Coredryl Expectorant adalah obat yang mengandung zat aktif Diphenhydramine, Glyceryl guaiacolate, Menthol. Coredryl Expectorant digunakan untuk mengobati batuk berdahak yang disebabkan oleh alergi. Coredryl Expectorant digunakan untuk mengatasi batuk pada dewasa dan anak usia > 12 tahun. Coredryl Expectorant mengandung menthol yang dapat memberikan rasa lega pada tenggorokan.

Detail Coredryl Expectorant


  1. Coredryl Expectorant Sirup
    • Golongan: Obat Bebas Terbatas
    • Kelas Terapi: Obat Batuk dan Pilek

    • Apa Kandungan dan Komposisi Coredryl Expectorant?

      Kandungan dan komposisi produk obat maupun suplemen dibedakan menjadi dua jenis yaitu kandungan aktif dan kandungan tidak aktif. Kandungan aktif adalah zat yang dapat menimbulkan aktivitas farmakologis atau efek langsung dalam diagnosis, pengobatan, terapi, pencegahan penyakit atau untuk memengaruhi struktur atau fungsi dari tubuh manusia.

      Jenis yang kedua adalah kandungan tidak aktif atau disebut juga sebagai eksipien. Kandungan tidak aktif ini fungsinya sebagai media atau agen transportasi untuk mengantar atau mempermudah kandungan aktif untuk bekerja. Kandungan tidak aktif tidak akan menambah atau meningkatkan efek terapeutik dari kandungan aktif. Beberapa contoh dari kandungan tidak aktif ini antara lain zat pengikat, zat penstabil, zat pengawet, zat pemberi warna, dan zat pemberi rasa. Kandungan dan komposisi Coredryl Expectorant adalah:

      Diphenhydramine HCl 15 mg, glyceryl guaiacolate 75 mg, menthol 2.5 mg

    • Bagaimana Kemasan dan Sediaan Coredryl Expectorant?


      Sirup
    • Satuan Penjualan: Botol
    • Kemasan: Botol @ 100 mL

    • Apa Nama Perusahaan Produsen Coredryl Expectorant?

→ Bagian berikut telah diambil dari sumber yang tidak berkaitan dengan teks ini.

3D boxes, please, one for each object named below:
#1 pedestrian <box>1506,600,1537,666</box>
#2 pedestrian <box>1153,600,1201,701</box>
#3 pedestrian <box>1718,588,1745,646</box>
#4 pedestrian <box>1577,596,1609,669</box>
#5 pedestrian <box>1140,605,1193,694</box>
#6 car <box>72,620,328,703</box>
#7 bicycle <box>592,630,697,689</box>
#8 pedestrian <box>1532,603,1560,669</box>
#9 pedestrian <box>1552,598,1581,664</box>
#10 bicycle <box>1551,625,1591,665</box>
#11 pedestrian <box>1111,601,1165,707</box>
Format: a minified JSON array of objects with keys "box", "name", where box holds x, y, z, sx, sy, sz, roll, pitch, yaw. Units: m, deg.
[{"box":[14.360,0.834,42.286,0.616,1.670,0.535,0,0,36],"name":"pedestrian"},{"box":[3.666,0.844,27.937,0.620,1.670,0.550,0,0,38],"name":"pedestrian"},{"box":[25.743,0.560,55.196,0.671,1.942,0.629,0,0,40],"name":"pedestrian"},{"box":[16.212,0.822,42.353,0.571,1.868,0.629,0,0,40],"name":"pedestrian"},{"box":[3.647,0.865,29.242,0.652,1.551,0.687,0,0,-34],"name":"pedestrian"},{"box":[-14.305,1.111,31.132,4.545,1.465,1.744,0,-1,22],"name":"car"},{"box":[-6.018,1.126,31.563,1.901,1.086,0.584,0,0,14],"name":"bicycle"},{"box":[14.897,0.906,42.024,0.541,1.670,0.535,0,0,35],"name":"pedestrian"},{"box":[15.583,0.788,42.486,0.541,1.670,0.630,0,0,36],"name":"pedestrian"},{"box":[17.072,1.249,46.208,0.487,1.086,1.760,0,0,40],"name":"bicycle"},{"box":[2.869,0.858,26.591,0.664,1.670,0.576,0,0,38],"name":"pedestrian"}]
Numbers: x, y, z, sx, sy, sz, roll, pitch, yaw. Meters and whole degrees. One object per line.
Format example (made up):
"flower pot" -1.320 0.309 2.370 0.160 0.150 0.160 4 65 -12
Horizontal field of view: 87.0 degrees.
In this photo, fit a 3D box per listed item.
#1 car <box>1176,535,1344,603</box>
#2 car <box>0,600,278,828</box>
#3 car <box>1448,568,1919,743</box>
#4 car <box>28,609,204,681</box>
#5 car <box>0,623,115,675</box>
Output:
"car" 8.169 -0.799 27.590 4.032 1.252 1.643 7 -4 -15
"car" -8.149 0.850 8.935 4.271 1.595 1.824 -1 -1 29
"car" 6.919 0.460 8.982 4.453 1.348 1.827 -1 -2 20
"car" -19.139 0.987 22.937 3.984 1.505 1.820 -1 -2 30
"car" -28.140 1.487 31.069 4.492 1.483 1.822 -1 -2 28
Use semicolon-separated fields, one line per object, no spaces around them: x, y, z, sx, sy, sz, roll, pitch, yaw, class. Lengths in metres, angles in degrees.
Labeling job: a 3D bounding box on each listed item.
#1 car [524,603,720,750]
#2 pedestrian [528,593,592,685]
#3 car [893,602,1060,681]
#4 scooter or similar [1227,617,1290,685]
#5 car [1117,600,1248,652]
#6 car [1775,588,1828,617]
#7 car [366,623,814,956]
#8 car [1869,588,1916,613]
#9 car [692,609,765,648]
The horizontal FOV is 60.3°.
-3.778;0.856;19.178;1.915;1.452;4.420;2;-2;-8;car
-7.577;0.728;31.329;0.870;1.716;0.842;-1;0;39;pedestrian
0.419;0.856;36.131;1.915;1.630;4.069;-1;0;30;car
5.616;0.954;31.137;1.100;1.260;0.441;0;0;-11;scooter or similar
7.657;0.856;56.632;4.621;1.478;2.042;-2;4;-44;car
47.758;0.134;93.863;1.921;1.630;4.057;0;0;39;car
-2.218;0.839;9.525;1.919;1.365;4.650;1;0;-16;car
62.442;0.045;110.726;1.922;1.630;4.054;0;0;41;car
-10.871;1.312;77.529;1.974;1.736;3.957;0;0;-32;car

      Produsen obat (perusahaan farmasi) adalah suatu perusahaan atau badan usaha yang melakukan kegiatan produksi, penelitian, pengembangan produk obat maupun produk farmasi lainnya. Obat yang diproduksi bisa merupakan obat generik maupun obat bermerek. Perusahaan jamu adalah suatu perusahaan yang memproduksi produk jamu yakni suatu bahan atau ramuan berupa tumbuhan, bahan hewan, bahan mineral, sari, atau campuran dari bahan-bahan tersebut yang telah digunakan secara turun-temurun untuk pengobatan. Baik perusahaan farmasi maupun perusahaan jamu harus memenuhi persyaratan yang telah ditetapkan.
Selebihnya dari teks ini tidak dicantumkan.